Problem requirements ▸ Could you repeat the records shown below exactly as written?
The data below:
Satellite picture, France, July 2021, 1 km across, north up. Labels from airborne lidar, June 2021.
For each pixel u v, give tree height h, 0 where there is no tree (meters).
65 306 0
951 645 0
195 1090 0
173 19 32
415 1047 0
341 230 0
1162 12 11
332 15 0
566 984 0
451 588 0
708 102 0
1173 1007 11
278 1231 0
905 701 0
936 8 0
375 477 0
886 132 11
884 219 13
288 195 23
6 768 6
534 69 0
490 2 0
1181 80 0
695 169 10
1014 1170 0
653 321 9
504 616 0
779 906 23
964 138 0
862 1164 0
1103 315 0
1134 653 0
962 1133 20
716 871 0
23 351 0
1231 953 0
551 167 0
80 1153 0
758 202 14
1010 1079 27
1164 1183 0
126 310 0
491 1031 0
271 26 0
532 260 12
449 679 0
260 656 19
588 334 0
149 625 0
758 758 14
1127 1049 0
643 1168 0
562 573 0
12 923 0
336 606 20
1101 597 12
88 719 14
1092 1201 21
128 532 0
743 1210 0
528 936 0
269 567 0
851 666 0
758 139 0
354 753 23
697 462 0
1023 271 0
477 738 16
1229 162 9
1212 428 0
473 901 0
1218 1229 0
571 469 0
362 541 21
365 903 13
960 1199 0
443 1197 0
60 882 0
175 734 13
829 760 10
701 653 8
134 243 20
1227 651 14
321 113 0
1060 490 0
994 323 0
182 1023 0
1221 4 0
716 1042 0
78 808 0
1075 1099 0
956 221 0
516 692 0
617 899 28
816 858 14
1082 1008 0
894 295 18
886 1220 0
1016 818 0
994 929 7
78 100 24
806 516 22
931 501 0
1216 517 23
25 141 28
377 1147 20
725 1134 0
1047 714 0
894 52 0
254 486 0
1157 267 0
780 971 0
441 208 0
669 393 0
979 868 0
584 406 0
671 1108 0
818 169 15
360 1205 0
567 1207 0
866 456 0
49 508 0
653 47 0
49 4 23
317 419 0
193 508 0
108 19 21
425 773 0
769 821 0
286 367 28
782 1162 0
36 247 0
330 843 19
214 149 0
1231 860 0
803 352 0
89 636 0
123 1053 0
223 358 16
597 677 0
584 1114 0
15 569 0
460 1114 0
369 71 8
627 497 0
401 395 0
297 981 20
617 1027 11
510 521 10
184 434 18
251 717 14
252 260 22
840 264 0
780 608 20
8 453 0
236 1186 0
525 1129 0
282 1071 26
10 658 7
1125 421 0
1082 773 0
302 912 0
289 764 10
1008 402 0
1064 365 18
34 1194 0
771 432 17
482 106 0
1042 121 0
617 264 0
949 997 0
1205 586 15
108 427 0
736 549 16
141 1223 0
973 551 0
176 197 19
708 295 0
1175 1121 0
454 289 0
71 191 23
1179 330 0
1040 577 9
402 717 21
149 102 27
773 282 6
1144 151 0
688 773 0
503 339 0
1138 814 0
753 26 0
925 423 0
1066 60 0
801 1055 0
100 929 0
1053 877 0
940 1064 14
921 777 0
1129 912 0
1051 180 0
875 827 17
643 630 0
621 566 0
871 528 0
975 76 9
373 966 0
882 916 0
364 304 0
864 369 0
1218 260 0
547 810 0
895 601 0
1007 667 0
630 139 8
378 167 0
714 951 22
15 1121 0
End of The data.
Task solution ▸
Satellite picture, France, July 2021, 1 km across, north up. Labels from airborne lidar, June 2021.
For each pixel u v, give tree height h, 0 where there is no tree (meters).
65 306 0
951 645 0
195 1090 0
173 19 32
415 1047 0
341 230 0
1162 12 11
332 15 0
566 984 0
451 588 0
708 102 0
1173 1007 11
278 1231 0
905 701 0
936 8 0
375 477 0
886 132 11
884 219 13
288 195 23
6 768 6
534 69 0
490 2 0
1181 80 0
695 169 10
1014 1170 0
653 321 9
504 616 0
779 906 23
964 138 0
862 1164 0
1103 315 0
1134 653 0
962 1133 20
716 871 0
23 351 0
1231 953 0
551 167 0
80 1153 0
758 202 14
1010 1079 27
1164 1183 0
126 310 0
491 1031 0
271 26 0
532 260 12
449 679 0
260 656 19
588 334 0
149 625 0
758 758 14
1127 1049 0
643 1168 0
562 573 0
12 923 0
336 606 20
1101 597 12
88 719 14
1092 1201 21
128 532 0
743 1210 0
528 936 0
269 567 0
851 666 0
758 139 0
354 753 23
697 462 0
1023 271 0
477 738 16
1229 162 9
1212 428 0
473 901 0
1218 1229 0
571 469 0
362 541 21
365 903 13
960 1199 0
443 1197 0
60 882 0
175 734 13
829 760 10
701 653 8
134 243 20
1227 651 14
321 113 0
1060 490 0
994 323 0
182 1023 0
1221 4 0
716 1042 0
78 808 0
1075 1099 0
956 221 0
516 692 0
617 899 28
816 858 14
1082 1008 0
894 295 18
886 1220 0
1016 818 0
994 929 7
78 100 24
806 516 22
931 501 0
1216 517 23
25 141 28
377 1147 20
725 1134 0
1047 714 0
894 52 0
254 486 0
1157 267 0
780 971 0
441 208 0
669 393 0
979 868 0
584 406 0
671 1108 0
818 169 15
360 1205 0
567 1207 0
866 456 0
49 508 0
653 47 0
49 4 23
317 419 0
193 508 0
108 19 21
425 773 0
769 821 0
286 367 28
782 1162 0
36 247 0
330 843 19
214 149 0
1231 860 0
803 352 0
89 636 0
123 1053 0
223 358 16
597 677 0
584 1114 0
15 569 0
460 1114 0
369 71 8
627 497 0
401 395 0
297 981 20
617 1027 11
510 521 10
184 434 18
251 717 14
252 260 22
840 264 0
780 608 20
8 453 0
236 1186 0
525 1129 0
282 1071 26
10 658 7
1125 421 0
1082 773 0
302 912 0
289 764 10
1008 402 0
1064 365 18
34 1194 0
771 432 17
482 106 0
1042 121 0
617 264 0
949 997 0
1205 586 15
108 427 0
736 549 16
141 1223 0
973 551 0
176 197 19
708 295 0
1175 1121 0
454 289 0
71 191 23
1179 330 0
1040 577 9
402 717 21
149 102 27
773 282 6
1144 151 0
688 773 0
503 339 0
1138 814 0
753 26 0
925 423 0
1066 60 0
801 1055 0
100 929 0
1053 877 0
940 1064 14
921 777 0
1129 912 0
1051 180 0
875 827 17
643 630 0
621 566 0
871 528 0
975 76 9
373 966 0
882 916 0
364 304 0
864 369 0
1218 260 0
547 810 0
895 601 0
1007 667 0
630 139 8
378 167 0
714 951 22
15 1121 0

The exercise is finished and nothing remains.